# [The input]
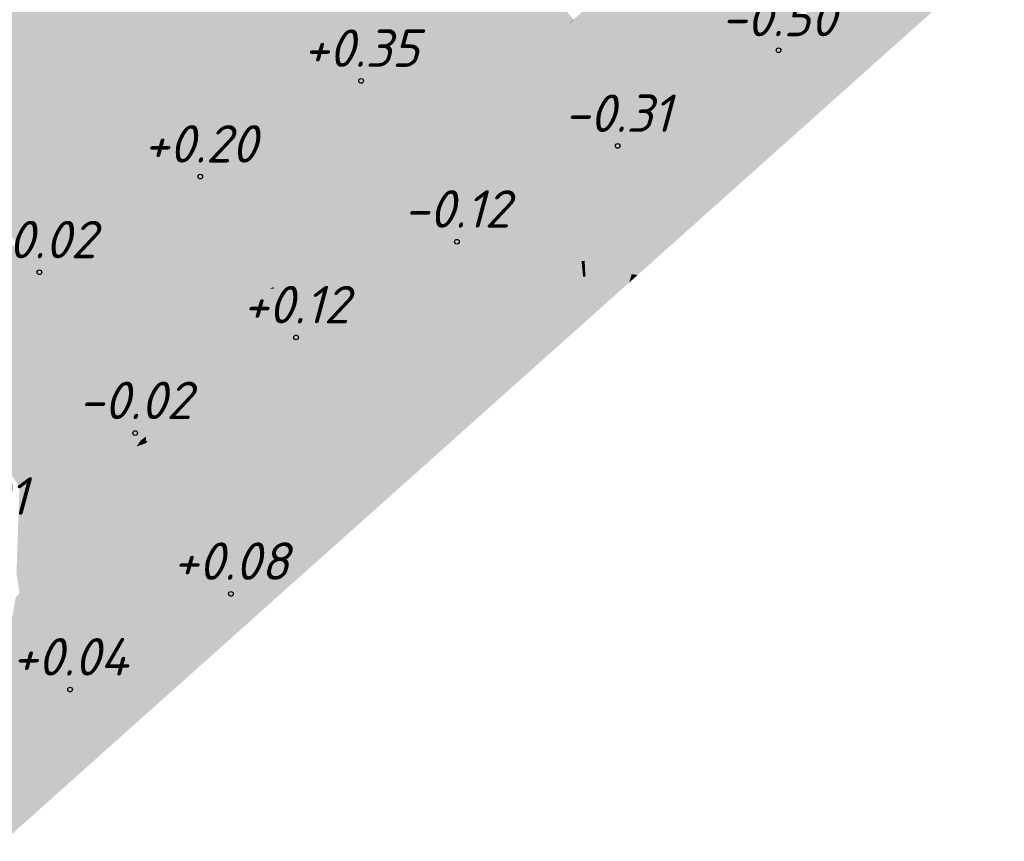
# Model space of a CAD drawing. Header units: metres. Extents: x 30306 to 66711, y 390887 to 402752.
# Tile 23 of 80: x 66237 to 66263, y 402594 to 402616. Entities that reach past the tile are written whole.
import ezdxf

# ---------------------------------------------------------------- set-up
doc = ezdxf.new("R2010")
doc.units = ezdxf.units.M
for name, color, linetype in [('GM-C3D-SURFACE-LABELS', 1, 'Continuous'), ('GM-C3D-SURFACE-TIN', 7, 'Continuous'), ('GM-C3D-SURFACE-TIN LABEL', 7, 'Continuous')]:
    doc.layers.add(name, color=color, linetype=linetype)
doc.styles.get("Standard").update_dxf_attribs({"font": 'isocpeur.ttf'})

msp = doc.modelspace()

# ---------------------------------------------------------------- linework, layer by layer
at = {"layer": 'GM-C3D-SURFACE-TIN', "color": 23, "linetype": 'Continuous', "lineweight": -3}
for points in [[(66238.081, 402620.942), (66235.57, 402620.027), (66246.709, 402612.771)], [(66238.081, 402620.942), (66246.709, 402612.771), (66250.202, 402616.872)], [(66235.994, 402610.588), (66246.709, 402612.771), (66235.57, 402620.027)], [(66251.002, 402616.797), (66250.202, 402616.872), (66246.709, 402612.771)], [(66251.002, 402616.797), (66246.709, 402612.771), (66251.069, 402616.121)], [(66251.162, 402615.189), (66251.069, 402616.121), (66246.709, 402612.771)], [(66251.443, 402615.439), (66251.548, 402615.547), (66251.069, 402616.121)], [(66251.443, 402615.439), (66251.069, 402616.121), (66251.162, 402615.189)], [(66251.554, 402615.554), (66251.069, 402616.121), (66251.548, 402615.547)], [(66251.443, 402615.439), (66251.162, 402615.189), (66251.173, 402615.091)], [(66251.162, 402615.189), (66246.709, 402612.771), (66243.55, 402608.404)], [(66251.172, 402615.089), (66251.162, 402615.189), (66243.55, 402608.404)], [(66251.172, 402615.089), (66243.55, 402608.404), (66246.164, 402608.625)], [(66251.172, 402615.089), (66251.173, 402615.091), (66251.162, 402615.189)], [(66236.726, 402609.496), (66246.709, 402612.771), (66235.994, 402610.588)], [(66236.726, 402609.496), (66243.55, 402608.404), (66246.709, 402612.771)], [(66236.764, 402609.472), (66243.55, 402608.404), (66236.726, 402609.496)], [(66236.764, 402609.472), (66243.444, 402608.366), (66243.55, 402608.404)], [(66236.764, 402609.472), (66237.563, 402608.947), (66243.444, 402608.366)], [(66240.203, 402607.213), (66243.444, 402608.366), (66237.563, 402608.947)], [(66243.444, 402608.366), (66243.513, 402608.359), (66243.55, 402608.404)], [(66243.513, 402608.359), (66243.536, 402608.357), (66243.55, 402608.404)], [(66246.145, 402608.099), (66243.55, 402608.404), (66243.536, 402608.357)], [(66246.222, 402608.56), (66246.164, 402608.625), (66243.55, 402608.404)], [(66246.28, 402608.495), (66246.222, 402608.56), (66243.55, 402608.404)], [(66246.28, 402608.495), (66243.55, 402608.404), (66246.156, 402608.131)], [(66246.145, 402608.099), (66246.156, 402608.131), (66243.55, 402608.404)], [(66240.198, 402607.029), (66242.169, 402606.72), (66243.444, 402608.366)], [(66240.198, 402607.029), (66243.444, 402608.366), (66240.203, 402607.213)], [(66242.169, 402606.72), (66243.513, 402608.359), (66243.444, 402608.366)], [(66242.169, 402606.72), (66243.029, 402606.585), (66243.513, 402608.359)], [(66243.029, 402606.585), (66243.536, 402608.357), (66243.513, 402608.359)], [(66245.497, 402606.197), (66243.536, 402608.357), (66243.029, 402606.585)], [(66245.497, 402606.197), (66245.869, 402607.289), (66243.536, 402608.357)], [(66245.869, 402607.289), (66246.145, 402608.099), (66243.536, 402608.357)], [(66240.196, 402606.95), (66240.185, 402606.489), (66241.845, 402606.323)], [(66240.196, 402606.95), (66242.169, 402606.72), (66240.198, 402607.029)], [(66240.196, 402606.95), (66241.845, 402606.323), (66242.169, 402606.72)], [(66241.845, 402606.323), (66242.923, 402606.215), (66242.169, 402606.72)], [(66242.169, 402606.72), (66242.923, 402606.215), (66243.029, 402606.585)], [(66245.418, 402605.966), (66243.029, 402606.585), (66242.923, 402606.215)], [(66245.418, 402605.966), (66245.497, 402606.197), (66243.029, 402606.585)], [(66240.15, 402605.063), (66241.845, 402606.323), (66240.185, 402606.489)], [(66240.15, 402605.063), (66240.509, 402604.694), (66241.845, 402606.323)], [(66240.509, 402604.694), (66242.398, 402604.383), (66241.845, 402606.323)], [(66241.845, 402606.323), (66242.398, 402604.383), (66242.923, 402606.215)], [(66244.747, 402603.996), (66242.923, 402606.215), (66242.398, 402604.383)], [(66244.747, 402603.996), (66245.073, 402604.953), (66242.923, 402606.215)], [(66245.073, 402604.953), (66245.418, 402605.966), (66242.923, 402606.215)], [(66240.143, 402604.755), (66240.509, 402604.694), (66240.15, 402605.063)], [(66240.135, 402604.412), (66240.509, 402604.694), (66240.143, 402604.755)], [(66240.132, 402604.292), (66240.176, 402604.288), (66240.509, 402604.694)], [(66240.132, 402604.292), (66240.509, 402604.694), (66240.135, 402604.412)], [(66240.176, 402604.288), (66242.309, 402604.071), (66240.509, 402604.694)], [(66240.509, 402604.694), (66242.309, 402604.071), (66242.398, 402604.383)], [(66240.13, 402604.232), (66238.82, 402602.678), (66239.085, 402602.632)], [(66240.13, 402604.232), (66239.877, 402604.144), (66238.82, 402602.678)], [(66240.13, 402604.232), (66239.085, 402602.632), (66239.724, 402602.52)], [(66240.13, 402604.232), (66239.724, 402602.52), (66241.763, 402602.164)], [(66240.13, 402604.232), (66240.176, 402604.288), (66240.132, 402604.292)], [(66240.13, 402604.232), (66242.309, 402604.071), (66240.176, 402604.288)], [(66240.13, 402604.232), (66241.763, 402602.164), (66242.309, 402604.071)], [(66244.691, 402603.829), (66242.398, 402604.383), (66242.309, 402604.071)], [(66244.691, 402603.829), (66244.747, 402603.996), (66242.398, 402604.383)], [(66239.877, 402604.144), (66237.984, 402603.489), (66238.82, 402602.678)], [(66243.991, 402601.775), (66242.309, 402604.071), (66241.763, 402602.164)], [(66243.991, 402601.775), (66244.216, 402602.436), (66242.309, 402604.071)], [(66244.216, 402602.436), (66244.691, 402603.829), (66242.309, 402604.071)], [(66236.754, 402603.064), (66238.82, 402602.678), (66237.984, 402603.489)], [(66236.753, 402603.039), (66236.733, 402602.437), (66238.467, 402602.258)], [(66236.754, 402603.064), (66236.753, 402603.039), (66238.82, 402602.678)], [(66236.753, 402603.039), (66238.467, 402602.258), (66238.82, 402602.678)], [(66238.82, 402602.678), (66238.467, 402602.258), (66238.817, 402602.222)], [(66239.085, 402602.632), (66238.82, 402602.678), (66238.817, 402602.222)], [(66239.633, 402602.137), (66239.085, 402602.632), (66238.817, 402602.222)], [(66239.724, 402602.52), (66239.085, 402602.632), (66239.633, 402602.137)], [(66236.733, 402602.437), (66236.675, 402600.753), (66237.127, 402600.668)], [(66236.733, 402602.437), (66237.127, 402600.668), (66238.467, 402602.258)], [(66239.724, 402602.52), (66239.633, 402602.137), (66241.694, 402601.924)], [(66239.724, 402602.52), (66241.694, 402601.924), (66241.763, 402602.164)], [(66238.467, 402602.258), (66237.127, 402600.668), (66237.729, 402600.556)], [(66238.817, 402602.222), (66238.467, 402602.258), (66237.729, 402600.556)], [(66239.192, 402600.282), (66238.817, 402602.222), (66237.729, 402600.556)], [(66239.633, 402602.137), (66238.817, 402602.222), (66239.192, 402600.282)], [(66239.633, 402602.137), (66239.192, 402600.282), (66241.12, 402599.921)], [(66239.633, 402602.137), (66241.12, 402599.921), (66241.694, 402601.924)], [(66243.962, 402601.689), (66241.763, 402602.164), (66241.694, 402601.924)], [(66243.962, 402601.689), (66243.991, 402601.775), (66241.763, 402602.164)], [(66243.015, 402599.566), (66241.694, 402601.924), (66241.12, 402599.921)], [(66243.336, 402599.853), (66243.962, 402601.689), (66241.694, 402601.924)], [(66243.336, 402599.853), (66241.694, 402601.924), (66243.015, 402599.566)], [(66236.675, 402600.753), (66236.757, 402600.23), (66237.127, 402600.668)], [(66237.466, 402600.154), (66237.127, 402600.668), (66236.757, 402600.23)], [(66237.729, 402600.556), (66237.127, 402600.668), (66237.466, 402600.154)], [(66239.12, 402599.979), (66237.729, 402600.556), (66237.466, 402600.154)], [(66239.12, 402599.979), (66239.192, 402600.282), (66237.729, 402600.556)], [(66239.12, 402599.979), (66241.077, 402599.772), (66239.192, 402600.282)], [(66239.192, 402600.282), (66241.077, 402599.772), (66241.12, 402599.921)], [(66238.652, 402598.011), (66237.466, 402600.154), (66236.37, 402598.477)], [(66237.466, 402600.154), (66236.653, 402600.106), (66236.37, 402598.477)], [(66237.466, 402600.154), (66236.757, 402600.23), (66236.653, 402600.106)], [(66238.652, 402598.011), (66239.12, 402599.979), (66237.466, 402600.154)], [(66238.652, 402598.011), (66240.467, 402597.641), (66239.12, 402599.979)], [(66239.12, 402599.979), (66240.467, 402597.641), (66241.077, 402599.772)], [(66240.788, 402597.575), (66241.077, 402599.772), (66240.467, 402597.641)], [(66243.015, 402599.566), (66241.077, 402599.772), (66240.788, 402597.575)], [(66243.015, 402599.566), (66241.12, 402599.921), (66241.077, 402599.772)], [(66238.605, 402597.814), (66236.37, 402598.477), (66236.116, 402598.087)], [(66238.605, 402597.814), (66238.652, 402598.011), (66236.37, 402598.477)], [(66238.1, 402595.69), (66236.116, 402598.087), (66235.144, 402596.599)], [(66238.605, 402597.814), (66236.116, 402598.087), (66238.1, 402595.69)], [(66238.605, 402597.814), (66240.459, 402597.612), (66238.652, 402598.011)], [(66238.652, 402598.011), (66240.459, 402597.612), (66240.467, 402597.641)], [(66238.605, 402597.814), (66238.1, 402595.69), (66238.561, 402595.585)], [(66238.605, 402597.814), (66238.561, 402595.585), (66240.331, 402597.168)], [(66238.605, 402597.814), (66240.331, 402597.168), (66240.459, 402597.612)], [(66240.788, 402597.575), (66240.467, 402597.641), (66240.459, 402597.612)], [(66240.788, 402597.575), (66240.459, 402597.612), (66240.331, 402597.168)], [(66238.1, 402595.69), (66235.144, 402596.599), (66235.108, 402596.37)], [(66238.088, 402595.639), (66235.108, 402596.37), (66235.049, 402595.987)], [(66238.088, 402595.639), (66238.1, 402595.69), (66235.108, 402596.37)], [(66238.088, 402595.639), (66235.049, 402595.987), (66237.944, 402595.034)], [(66237.944, 402595.034), (66235.049, 402595.987), (66236.333, 402593.594)], [(66238.088, 402595.639), (66237.944, 402595.034), (66238.561, 402595.585)], [(66238.088, 402595.639), (66238.561, 402595.585), (66238.1, 402595.69)]]:
    msp.add_solid(points, dxfattribs=at)
at = {"layer": 'GM-C3D-SURFACE-TIN', "color": 40, "linetype": 'Continuous', "lineweight": -3}
for points in [[(66256.262, 402613.777), (66255.969, 402619.473), (66255.508, 402619.062)], [(66256.262, 402613.777), (66257.678, 402615.604), (66255.969, 402619.473)], [(66256.136, 402613.614), (66255.508, 402619.062), (66253.763, 402617.507)], [(66256.262, 402613.777), (66255.508, 402619.062), (66256.136, 402613.614)], [(66254.082, 402610.962), (66253.763, 402617.507), (66253.34, 402617.13)], [(66256.136, 402613.614), (66253.763, 402617.507), (66255.704, 402613.057)], [(66254.082, 402610.962), (66255.704, 402613.057), (66253.763, 402617.507)], [(66253.34, 402617.13), (66251.554, 402615.554), (66251.555, 402615.539)], [(66254.008, 402610.867), (66253.34, 402617.13), (66251.555, 402615.539)], [(66254.082, 402610.962), (66253.34, 402617.13), (66254.008, 402610.867)], [(66251.555, 402615.539), (66251.548, 402615.547), (66251.443, 402615.439)], [(66251.852, 402609.108), (66251.555, 402615.539), (66251.443, 402615.439)], [(66251.555, 402615.539), (66251.554, 402615.554), (66251.548, 402615.547)], [(66254.008, 402610.867), (66251.555, 402615.539), (66253.727, 402610.504)], [(66252.773, 402609.273), (66253.727, 402610.504), (66251.555, 402615.539)], [(66252.773, 402609.273), (66251.555, 402615.539), (66251.852, 402609.108)], [(66251.852, 402609.108), (66251.443, 402615.439), (66251.173, 402615.091)], [(66251.768, 402609.101), (66251.172, 402615.089), (66246.164, 402608.625)], [(66251.852, 402609.108), (66251.173, 402615.091), (66251.172, 402615.089)], [(66251.852, 402609.108), (66251.172, 402615.089), (66251.768, 402609.101)], [(66233.315, 402610.043), (66236.764, 402609.472), (66236.726, 402609.496)], [(66233.967, 402609.302), (66236.764, 402609.472), (66233.315, 402610.043)], [(66233.967, 402609.302), (66237.563, 402608.947), (66236.764, 402609.472)], [(66235.291, 402607.799), (66239.842, 402607.085), (66233.967, 402609.302)], [(66233.967, 402609.302), (66239.842, 402607.085), (66240.203, 402607.213)], [(66233.967, 402609.302), (66240.203, 402607.213), (66237.563, 402608.947)], [(66252.701, 402609.18), (66252.773, 402609.273), (66251.852, 402609.108)], [(66251.768, 402609.101), (66246.164, 402608.625), (66246.222, 402608.56)], [(66251.768, 402609.101), (66246.222, 402608.56), (66251.789, 402608.886)], [(66251.852, 402609.108), (66251.768, 402609.101), (66251.789, 402608.886)], [(66251.852, 402609.108), (66251.789, 402608.886), (66251.862, 402608.89)], [(66252.825, 402609.04), (66252.701, 402609.18), (66251.852, 402609.108)], [(66252.825, 402609.04), (66251.852, 402609.108), (66251.862, 402608.89)], [(66252.825, 402609.04), (66251.862, 402608.89), (66252.904, 402608.951)], [(66253.081, 402608.751), (66252.904, 402608.951), (66251.862, 402608.89)], [(66251.789, 402608.886), (66246.222, 402608.56), (66246.28, 402608.495)], [(66251.789, 402608.886), (66246.28, 402608.495), (66251.81, 402608.68)], [(66251.925, 402607.528), (66251.81, 402608.68), (66246.28, 402608.495)], [(66251.862, 402608.89), (66251.789, 402608.886), (66251.81, 402608.68)], [(66251.862, 402608.89), (66251.81, 402608.68), (66251.871, 402608.683)], [(66251.925, 402607.528), (66251.871, 402608.683), (66251.81, 402608.68)], [(66253.081, 402608.751), (66251.862, 402608.89), (66251.871, 402608.683)], [(66253.081, 402608.751), (66251.871, 402608.683), (66253.105, 402608.724)], [(66253.036, 402608.522), (66253.105, 402608.724), (66251.871, 402608.683)], [(66253.036, 402608.522), (66251.871, 402608.683), (66251.925, 402607.528)], [(66251.925, 402607.528), (66246.28, 402608.495), (66246.156, 402608.131)], [(66251.925, 402607.528), (66246.145, 402608.099), (66245.869, 402607.289)], [(66251.925, 402607.528), (66246.156, 402608.131), (66246.145, 402608.099)], [(66235.291, 402607.799), (66238.611, 402606.647), (66239.842, 402607.085)], [(66236.083, 402606.899), (66238.611, 402606.647), (66235.291, 402607.799)], [(66251.925, 402607.528), (66245.869, 402607.289), (66249.697, 402605.538)], [(66238.611, 402606.647), (66240.196, 402606.95), (66239.842, 402607.085)], [(66239.842, 402607.085), (66240.198, 402607.029), (66240.203, 402607.213)], [(66239.842, 402607.085), (66240.196, 402606.95), (66240.198, 402607.029)], [(66249.697, 402605.538), (66245.869, 402607.289), (66245.497, 402606.197)], [(66236.856, 402606.022), (66238.611, 402606.647), (66236.083, 402606.899)], [(66236.856, 402606.022), (66236.083, 402606.899), (66236.255, 402605.395)], [(66238.611, 402606.647), (66240.185, 402606.489), (66240.196, 402606.95)], [(66236.856, 402606.022), (66238.756, 402604.983), (66238.611, 402606.647)], [(66238.611, 402606.647), (66238.756, 402604.983), (66240.143, 402604.755)], [(66238.611, 402606.647), (66240.143, 402604.755), (66240.15, 402605.063)], [(66238.611, 402606.647), (66240.15, 402605.063), (66240.185, 402606.489)], [(66249.697, 402605.538), (66245.497, 402606.197), (66245.418, 402605.966)], [(66236.856, 402606.022), (66236.255, 402605.395), (66236.831, 402605.3)], [(66236.856, 402606.022), (66236.831, 402605.3), (66238.756, 402604.983)], [(66249.697, 402605.538), (66245.418, 402605.966), (66245.073, 402604.953)], [(66249.697, 402605.538), (66245.073, 402604.953), (66247.47, 402603.547)], [(66236.255, 402605.395), (66235.635, 402604.749), (66236.808, 402604.63)], [(66236.255, 402605.395), (66236.808, 402604.63), (66236.831, 402605.3)], [(66236.831, 402605.3), (66236.808, 402604.63), (66238.756, 402604.983)], [(66236.808, 402604.63), (66239.994, 402604.306), (66238.756, 402604.983)], [(66238.756, 402604.983), (66239.994, 402604.306), (66240.135, 402604.412)], [(66238.756, 402604.983), (66240.135, 402604.412), (66240.143, 402604.755)], [(66235.635, 402604.749), (66236.754, 402603.064), (66236.808, 402604.63)], [(66247.47, 402603.547), (66245.073, 402604.953), (66244.747, 402603.996)], [(66236.808, 402604.63), (66236.754, 402603.064), (66237.984, 402603.489)], [(66236.808, 402604.63), (66237.984, 402603.489), (66239.877, 402604.144)], [(66236.808, 402604.63), (66239.877, 402604.144), (66239.994, 402604.306)], [(66239.994, 402604.306), (66239.877, 402604.144), (66240.13, 402604.232)], [(66239.994, 402604.306), (66240.132, 402604.292), (66240.135, 402604.412)], [(66239.994, 402604.306), (66240.13, 402604.232), (66240.132, 402604.292)], [(66247.47, 402603.547), (66244.747, 402603.996), (66244.691, 402603.829)], [(66247.47, 402603.547), (66244.691, 402603.829), (66244.216, 402602.436)], [(66247.47, 402603.547), (66244.216, 402602.436), (66245.243, 402601.557)], [(66245.243, 402601.557), (66244.216, 402602.436), (66243.991, 402601.775)], [(66245.243, 402601.557), (66243.962, 402601.689), (66243.336, 402599.853)], [(66245.243, 402601.557), (66243.991, 402601.775), (66243.962, 402601.689)]]:
    msp.add_solid(points, dxfattribs=at)
at = {"layer": 'GM-C3D-SURFACE-TIN', "color": 50, "linetype": 'Continuous', "lineweight": -3}
for points in [[(66260.834, 402615.491), (66260.602, 402619.378), (66260.341, 402619.041)], [(66263.061, 402617.481), (66260.602, 402619.378), (66260.834, 402615.491)], [(66260.834, 402615.491), (66260.341, 402619.041), (66259.645, 402618.143)], [(66260.834, 402615.491), (66259.645, 402618.143), (66258.436, 402616.583)], [(66258.606, 402613.5), (66258.436, 402616.583), (66258.249, 402616.341)], [(66260.834, 402615.491), (66258.436, 402616.583), (66258.606, 402613.5)], [(66258.606, 402613.5), (66258.249, 402616.341), (66257.678, 402615.604)], [(66258.606, 402613.5), (66257.678, 402615.604), (66256.262, 402613.777)], [(66256.379, 402611.51), (66256.262, 402613.777), (66256.136, 402613.614)], [(66258.606, 402613.5), (66256.262, 402613.777), (66256.379, 402611.51)], [(66256.379, 402611.51), (66256.136, 402613.614), (66255.704, 402613.057)], [(66256.379, 402611.51), (66255.704, 402613.057), (66254.082, 402610.962)], [(66256.379, 402611.51), (66254.082, 402610.962), (66254.152, 402609.519)], [(66254.152, 402609.519), (66254.008, 402610.867), (66253.727, 402610.504)], [(66254.152, 402609.519), (66254.082, 402610.962), (66254.008, 402610.867)], [(66254.152, 402609.519), (66253.727, 402610.504), (66252.773, 402609.273)], [(66254.152, 402609.519), (66252.773, 402609.273), (66252.701, 402609.18)], [(66254.152, 402609.519), (66252.701, 402609.18), (66253.885, 402609.281)], [(66253.885, 402609.281), (66252.701, 402609.18), (66252.825, 402609.04)], [(66253.885, 402609.281), (66252.825, 402609.04), (66253.559, 402608.989)], [(66253.559, 402608.989), (66252.825, 402609.04), (66252.904, 402608.951)], [(66253.559, 402608.989), (66252.904, 402608.951), (66253.081, 402608.751)], [(66253.559, 402608.989), (66253.081, 402608.751), (66253.268, 402608.729)], [(66253.268, 402608.729), (66253.105, 402608.724), (66253.036, 402608.522)], [(66253.268, 402608.729), (66253.081, 402608.751), (66253.105, 402608.724)]]:
    msp.add_solid(points, dxfattribs=at)
at = {"layer": 'GM-C3D-SURFACE-TIN LABEL', "color": 6, "linetype": 'Continuous', "lineweight": -3}
for centre in [(66257.031, 402614.733, -0.502), (66245.881, 402613.915, 0.349), (66252.735, 402612.176, -0.313), (66241.584, 402611.357, 0.201), (66248.438, 402609.618, -0.123), (66237.288, 402608.8, -0.019), (66244.142, 402607.061, 0.122), (66239.845, 402604.503, -0.018), (66242.403, 402600.207, 0.078), (66238.106, 402597.65, 0.043)]:
    msp.add_circle(centre, 0.0625, dxfattribs=at)

# ---------------------------------------------------------------- texts
at = {"layer": 'GM-C3D-SURFACE-LABELS', "color": 10, "linetype": 'Continuous', "lineweight": -3, "char_height": 1, "attachment_point": 8}
for s, insert in [('{\\fISOCPEUR|b0|i1|c0|p34;-0.50}', (66257.031, 402615.108, -0.502)), ('{\\fISOCPEUR|b0|i1|c0|p34;-0.31}', (66252.735, 402612.551, -0.313)), ('{\\fISOCPEUR|b0|i1|c0|p34;-0.12}', (66248.438, 402609.993, -0.123)), ('{\\fISOCPEUR|b0|i1|c0|p34;-0.02}', (66237.288, 402609.175, -0.019)), ('{\\fISOCPEUR|b0|i1|c0|p34;-0.02}', (66239.845, 402604.878, -0.018)), ('{\\fISOCPEUR|b0|i1|c0|p34;-0.01}', (66235.549, 402602.321, -0.01))]:
    msp.add_mtext(s, dxfattribs=dict(at, insert=insert))
at = {"layer": 'GM-C3D-SURFACE-LABELS', "color": 92, "linetype": 'Continuous', "lineweight": -3, "char_height": 1, "attachment_point": 8}
for s, insert in [('{\\fISOCPEUR|b0|i1|c0|p34;+0.35}', (66245.881, 402614.29, 0.349)), ('{\\fISOCPEUR|b0|i1|c0|p34;+0.20}', (66241.584, 402611.732, 0.201)), ('{\\fISOCPEUR|b0|i1|c0|p34;+0.12}', (66244.142, 402607.436, 0.122)), ('{\\fISOCPEUR|b0|i1|c0|p34;+0.08}', (66242.403, 402600.582, 0.078)), ('{\\fISOCPEUR|b0|i1|c0|p34;+0.04}', (66238.106, 402598.025, 0.043))]:
    msp.add_mtext(s, dxfattribs=dict(at, insert=insert))

doc.saveas('drawing.dxf')

# [Work order]
Print each line of the listing, starting at its first and ending with the line that holds "msp = doc.modelspace()", but skip any pictures.

# [Exercise answer]
# Model space of a CAD drawing. Header units: metres. Extents: x 30306 to 66711, y 390887 to 402752.
# Tile 23 of 80: x 66237 to 66263, y 402594 to 402616. Entities that reach past the tile are written whole.
import ezdxf

# ---------------------------------------------------------------- set-up
doc = ezdxf.new("R2010")
doc.units = ezdxf.units.M
for name, color, linetype in [('GM-C3D-SURFACE-LABELS', 1, 'Continuous'), ('GM-C3D-SURFACE-TIN', 7, 'Continuous'), ('GM-C3D-SURFACE-TIN LABEL', 7, 'Continuous')]:
    doc.layers.add(name, color=color, linetype=linetype)
doc.styles.get("Standard").update_dxf_attribs({"font": 'isocpeur.ttf'})

msp = doc.modelspace()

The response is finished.